GHG diffusion is controlled by gaseous concentration gradients; therefore, diffusion rates are enhanced by GHG concentration in soil. Diffusion rates decrease with soil water content and increases with soil porosity and pore connectivity (Blagodatsky and Smith, 2012; Ball, 2013). Peat soils are characterized by high porosity, typically around 80% in the upper 30 cm (Rezanezhad et al., 2016). Rewetting peatlands decreases diffusion rates by increasing soil water content. However, long term drainage decreases total porosity and thus the relative abundance of large pores that promote pore connectivity (Wang Mairoun et al., 2021). Diffusion is likely the main pathway of CO2 and N2O emission to the atmosphere in drained peatlands. High diffusion rates might hinder the complete reduction of N2O during denitrification by releasing N2O before it can be consumed partially explaining high N2O emissions in drained peatlands with high nutrient content.
Mass flow is a convective movement of gases, so it depends of total pressure differences between the soil and the atmosphere (Reddy and DeLaune, 2008a; Ball, 2013; Kreba et al., 2017). Mass flow is enhanced when atmospheric pressure decreases which can be caused by wind movement (Reddy and DeLaune, 2008a). Under waterlogged conditions such as those in rewetted and pristine peatlands, CH4 accumulation in soil can lead to mass flow events in forms of bubbles passing through water commonly referred as ebullition (Blagodatsky and Smith, 2012). Ebullition can account for 50–64% of total CH4 flux in northern peatlands under water saturation (Tokida et al., 2007).

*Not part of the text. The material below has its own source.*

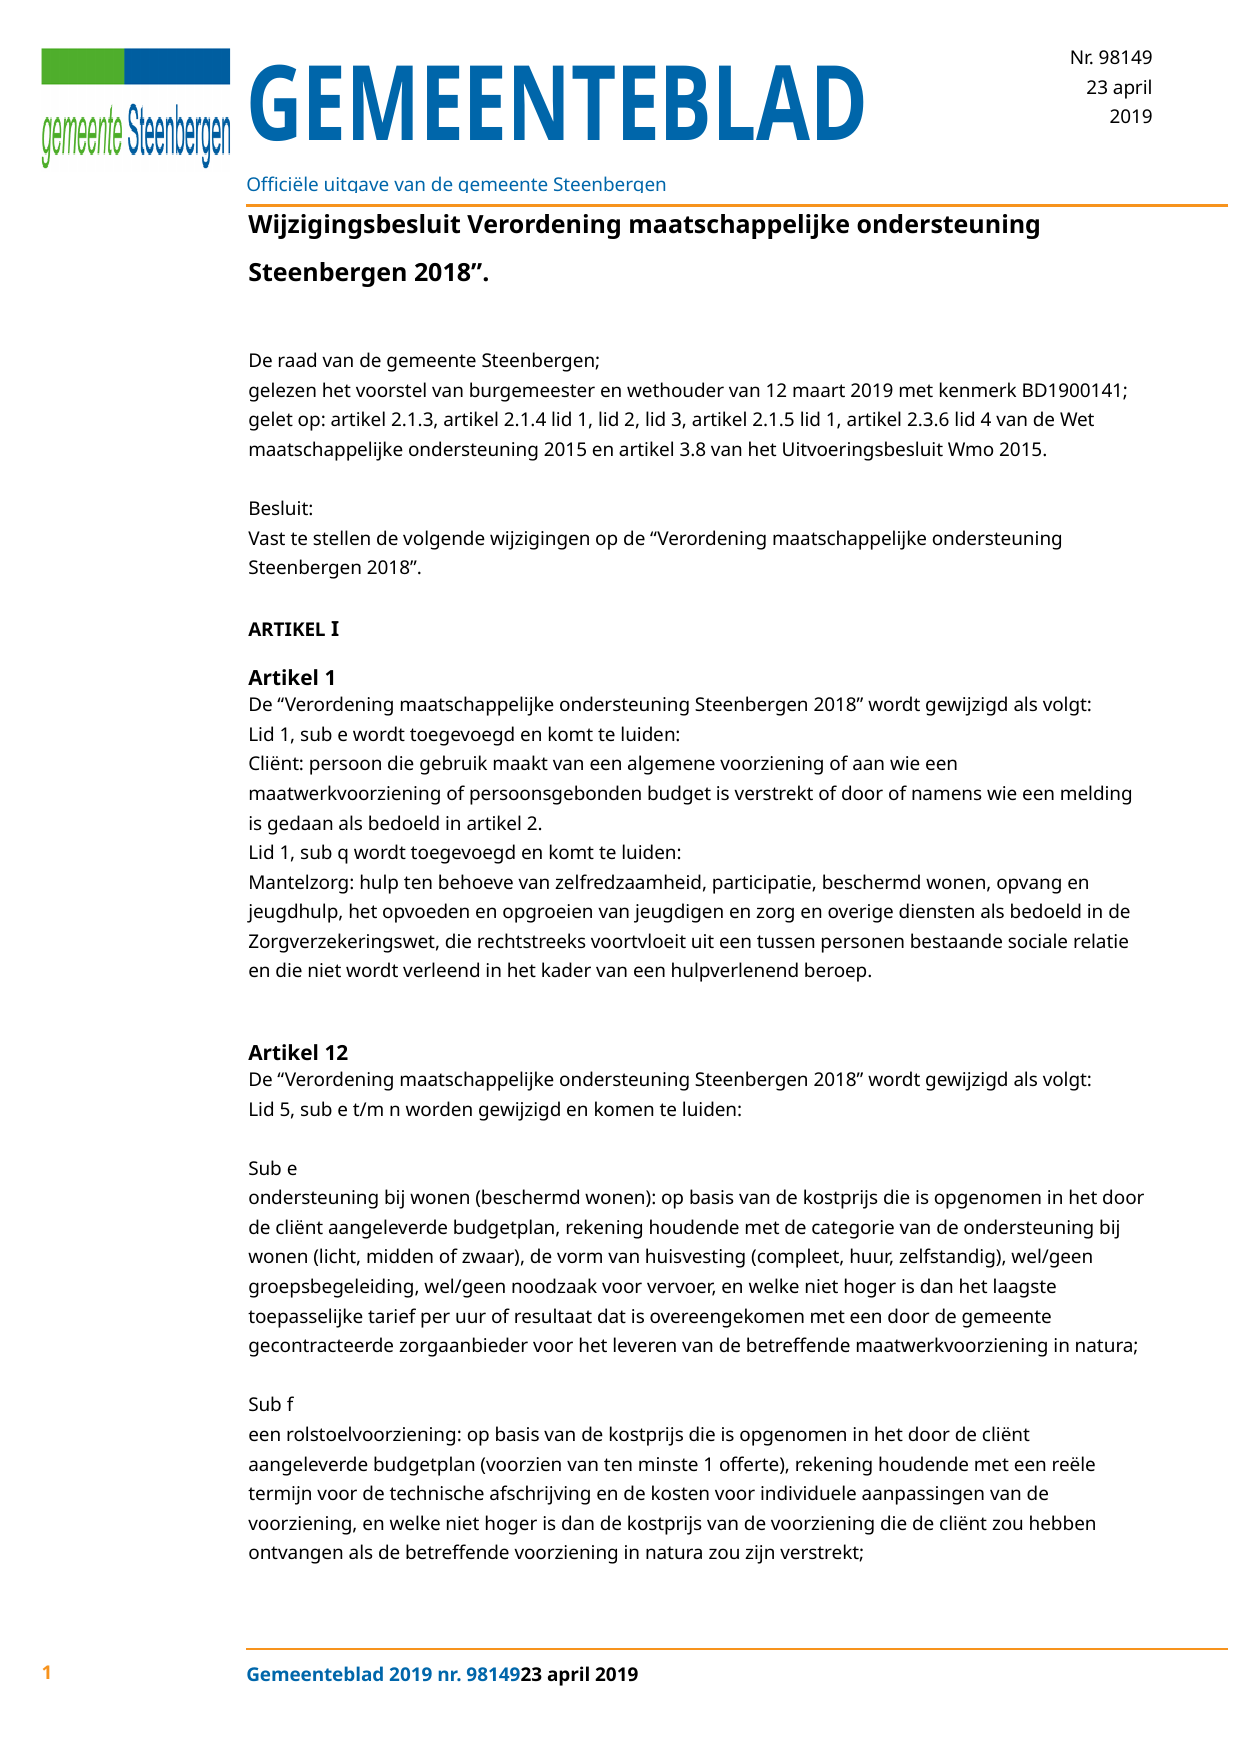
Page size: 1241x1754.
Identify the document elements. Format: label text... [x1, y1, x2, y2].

Plant mediated transport is driven by gas partial pressure differences between the plant tissue and the surroundings (Grosse and Frick, 1999). This process is facilitated by plant total porosity which reduces gas transport resistance (Reddy and DeLaune, 2008a). Plant total porosity is a function of several properties such as leaf area and the pore density of specific type tissue (e.g., aerenchyma) and can be limited by temporary reduction of leaf gas exchanges by stomatal closure (Reddy and DeLaune, 2008a). Under water saturated and high nutrient availability conditions, like those found in some rewetted and pristine peatlands, vegetation communities with high plant tissue porosity can dominate, which facilitates plant mediated transport (Bhullar et al., 2013; Valiranta et al., 2017). Plant mediated transport can be an important pathway for methane and nitrous oxide emissions (Greenup et al., 2000; Agethen et al., 2018), but also for soil oxygen replenishment, increasing methane oxidation in the rhizosphere (Agethen et al., 2018). Some studies indicate that methane oxidation might dominate over methane facilitated transport (Bhullar et al., 2013).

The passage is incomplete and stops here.